WHAT YOU SHOULD DO:
Up to and including the line with "oběhu P12 (4×),</text>", please set down the entries below exactly, starting from the first line.

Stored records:
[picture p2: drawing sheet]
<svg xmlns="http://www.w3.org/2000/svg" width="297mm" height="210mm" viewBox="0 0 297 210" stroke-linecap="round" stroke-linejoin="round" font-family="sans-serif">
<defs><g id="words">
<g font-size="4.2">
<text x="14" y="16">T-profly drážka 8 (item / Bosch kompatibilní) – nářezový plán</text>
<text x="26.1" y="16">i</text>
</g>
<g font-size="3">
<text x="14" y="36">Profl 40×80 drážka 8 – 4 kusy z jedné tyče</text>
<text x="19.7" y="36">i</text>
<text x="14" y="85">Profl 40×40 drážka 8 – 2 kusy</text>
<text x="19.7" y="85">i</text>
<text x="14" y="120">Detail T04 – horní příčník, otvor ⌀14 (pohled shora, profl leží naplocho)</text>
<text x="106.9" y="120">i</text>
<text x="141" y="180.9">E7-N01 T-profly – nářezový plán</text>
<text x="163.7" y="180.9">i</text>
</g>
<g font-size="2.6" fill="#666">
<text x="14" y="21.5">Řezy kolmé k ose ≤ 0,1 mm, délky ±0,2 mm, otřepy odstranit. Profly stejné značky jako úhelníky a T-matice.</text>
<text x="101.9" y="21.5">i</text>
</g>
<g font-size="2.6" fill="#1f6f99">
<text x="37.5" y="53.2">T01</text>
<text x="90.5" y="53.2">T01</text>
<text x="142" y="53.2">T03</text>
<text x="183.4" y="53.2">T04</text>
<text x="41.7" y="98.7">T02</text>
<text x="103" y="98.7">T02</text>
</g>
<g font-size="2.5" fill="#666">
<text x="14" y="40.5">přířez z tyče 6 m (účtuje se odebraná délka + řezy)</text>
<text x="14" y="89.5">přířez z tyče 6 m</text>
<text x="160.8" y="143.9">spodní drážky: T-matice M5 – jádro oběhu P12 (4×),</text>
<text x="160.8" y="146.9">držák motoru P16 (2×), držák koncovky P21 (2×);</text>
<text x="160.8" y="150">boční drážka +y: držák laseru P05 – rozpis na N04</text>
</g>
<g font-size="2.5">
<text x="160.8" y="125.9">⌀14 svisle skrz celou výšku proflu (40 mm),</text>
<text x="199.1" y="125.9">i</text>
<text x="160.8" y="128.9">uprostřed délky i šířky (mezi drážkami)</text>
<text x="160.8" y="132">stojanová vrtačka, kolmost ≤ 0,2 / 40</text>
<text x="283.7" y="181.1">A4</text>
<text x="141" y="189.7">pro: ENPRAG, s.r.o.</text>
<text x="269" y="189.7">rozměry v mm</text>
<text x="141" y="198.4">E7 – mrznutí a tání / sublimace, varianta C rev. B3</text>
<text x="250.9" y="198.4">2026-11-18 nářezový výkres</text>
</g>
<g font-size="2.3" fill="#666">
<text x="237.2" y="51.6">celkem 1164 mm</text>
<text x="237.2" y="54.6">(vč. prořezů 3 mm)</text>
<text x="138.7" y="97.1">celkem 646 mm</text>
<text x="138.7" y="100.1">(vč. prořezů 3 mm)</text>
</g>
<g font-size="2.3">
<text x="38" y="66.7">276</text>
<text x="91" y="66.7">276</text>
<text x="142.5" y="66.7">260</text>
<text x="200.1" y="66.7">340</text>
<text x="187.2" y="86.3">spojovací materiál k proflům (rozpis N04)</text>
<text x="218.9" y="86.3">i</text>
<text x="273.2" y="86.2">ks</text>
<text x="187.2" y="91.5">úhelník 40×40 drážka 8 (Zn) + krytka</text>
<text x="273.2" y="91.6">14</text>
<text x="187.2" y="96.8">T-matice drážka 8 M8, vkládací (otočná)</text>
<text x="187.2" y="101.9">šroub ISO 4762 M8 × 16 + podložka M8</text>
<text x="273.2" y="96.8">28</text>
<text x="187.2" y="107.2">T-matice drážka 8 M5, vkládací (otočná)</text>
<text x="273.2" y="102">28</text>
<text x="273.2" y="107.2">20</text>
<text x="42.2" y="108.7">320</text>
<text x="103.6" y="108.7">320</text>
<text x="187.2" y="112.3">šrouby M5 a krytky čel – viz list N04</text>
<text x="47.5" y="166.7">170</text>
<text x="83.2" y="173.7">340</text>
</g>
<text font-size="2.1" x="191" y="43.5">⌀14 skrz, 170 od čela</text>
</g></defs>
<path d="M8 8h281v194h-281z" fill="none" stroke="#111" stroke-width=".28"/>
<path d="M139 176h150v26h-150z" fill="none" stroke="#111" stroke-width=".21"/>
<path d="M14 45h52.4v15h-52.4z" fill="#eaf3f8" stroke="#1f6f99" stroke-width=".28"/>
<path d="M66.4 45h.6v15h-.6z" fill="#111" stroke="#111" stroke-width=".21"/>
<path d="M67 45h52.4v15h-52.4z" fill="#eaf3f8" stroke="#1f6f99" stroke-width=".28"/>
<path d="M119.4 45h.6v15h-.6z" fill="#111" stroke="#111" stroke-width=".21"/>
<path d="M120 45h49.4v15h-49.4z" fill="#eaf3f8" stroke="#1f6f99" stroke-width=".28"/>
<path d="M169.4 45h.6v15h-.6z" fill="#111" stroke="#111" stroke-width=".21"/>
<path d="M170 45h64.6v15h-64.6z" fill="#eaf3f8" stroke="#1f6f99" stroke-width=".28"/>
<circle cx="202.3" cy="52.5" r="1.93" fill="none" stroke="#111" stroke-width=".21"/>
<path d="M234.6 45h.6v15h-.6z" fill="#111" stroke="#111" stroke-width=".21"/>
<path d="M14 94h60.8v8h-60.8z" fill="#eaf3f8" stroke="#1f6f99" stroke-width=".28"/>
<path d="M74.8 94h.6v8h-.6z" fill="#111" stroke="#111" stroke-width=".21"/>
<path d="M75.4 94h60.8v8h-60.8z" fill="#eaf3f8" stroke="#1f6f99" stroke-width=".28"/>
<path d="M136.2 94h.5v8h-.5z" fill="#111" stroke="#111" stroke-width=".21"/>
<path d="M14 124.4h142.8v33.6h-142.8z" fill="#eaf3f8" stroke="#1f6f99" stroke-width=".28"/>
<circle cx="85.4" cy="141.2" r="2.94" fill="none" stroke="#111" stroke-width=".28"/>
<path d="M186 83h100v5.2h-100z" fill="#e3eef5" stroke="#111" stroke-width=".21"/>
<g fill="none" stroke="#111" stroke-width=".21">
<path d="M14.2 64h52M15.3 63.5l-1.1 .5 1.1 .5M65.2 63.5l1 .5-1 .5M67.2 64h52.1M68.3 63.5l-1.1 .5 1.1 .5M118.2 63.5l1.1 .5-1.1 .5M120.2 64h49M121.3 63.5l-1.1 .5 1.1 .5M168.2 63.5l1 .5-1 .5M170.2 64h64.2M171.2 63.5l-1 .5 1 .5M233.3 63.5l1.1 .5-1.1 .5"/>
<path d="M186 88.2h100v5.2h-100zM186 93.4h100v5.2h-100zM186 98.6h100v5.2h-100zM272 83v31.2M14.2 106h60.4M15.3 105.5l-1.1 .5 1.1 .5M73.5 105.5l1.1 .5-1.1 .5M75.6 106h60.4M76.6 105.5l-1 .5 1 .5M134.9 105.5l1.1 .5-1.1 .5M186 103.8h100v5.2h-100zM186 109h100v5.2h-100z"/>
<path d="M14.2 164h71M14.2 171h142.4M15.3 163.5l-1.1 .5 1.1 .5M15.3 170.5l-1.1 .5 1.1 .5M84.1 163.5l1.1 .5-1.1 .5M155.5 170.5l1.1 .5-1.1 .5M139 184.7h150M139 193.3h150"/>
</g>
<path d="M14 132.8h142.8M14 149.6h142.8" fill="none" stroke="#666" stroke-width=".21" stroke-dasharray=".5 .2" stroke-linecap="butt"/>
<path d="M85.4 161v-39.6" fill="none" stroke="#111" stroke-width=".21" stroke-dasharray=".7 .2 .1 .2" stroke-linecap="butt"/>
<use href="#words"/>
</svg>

TASK OUTPUT:
[picture p2: drawing sheet]
<svg xmlns="http://www.w3.org/2000/svg" width="297mm" height="210mm" viewBox="0 0 297 210" stroke-linecap="round" stroke-linejoin="round" font-family="sans-serif">
<defs><g id="words">
<g font-size="4.2">
<text x="14" y="16">T-profly drážka 8 (item / Bosch kompatibilní) – nářezový plán</text>
<text x="26.1" y="16">i</text>
</g>
<g font-size="3">
<text x="14" y="36">Profl 40×80 drážka 8 – 4 kusy z jedné tyče</text>
<text x="19.7" y="36">i</text>
<text x="14" y="85">Profl 40×40 drážka 8 – 2 kusy</text>
<text x="19.7" y="85">i</text>
<text x="14" y="120">Detail T04 – horní příčník, otvor ⌀14 (pohled shora, profl leží naplocho)</text>
<text x="106.9" y="120">i</text>
<text x="141" y="180.9">E7-N01 T-profly – nářezový plán</text>
<text x="163.7" y="180.9">i</text>
</g>
<g font-size="2.6" fill="#666">
<text x="14" y="21.5">Řezy kolmé k ose ≤ 0,1 mm, délky ±0,2 mm, otřepy odstranit. Profly stejné značky jako úhelníky a T-matice.</text>
<text x="101.9" y="21.5">i</text>
</g>
<g font-size="2.6" fill="#1f6f99">
<text x="37.5" y="53.2">T01</text>
<text x="90.5" y="53.2">T01</text>
<text x="142" y="53.2">T03</text>
<text x="183.4" y="53.2">T04</text>
<text x="41.7" y="98.7">T02</text>
<text x="103" y="98.7">T02</text>
</g>
<g font-size="2.5" fill="#666">
<text x="14" y="40.5">přířez z tyče 6 m (účtuje se odebraná délka + řezy)</text>
<text x="14" y="89.5">přířez z tyče 6 m</text>
<text x="160.8" y="143.9">spodní drážky: T-matice M5 – jádro oběhu P12 (4×),</text>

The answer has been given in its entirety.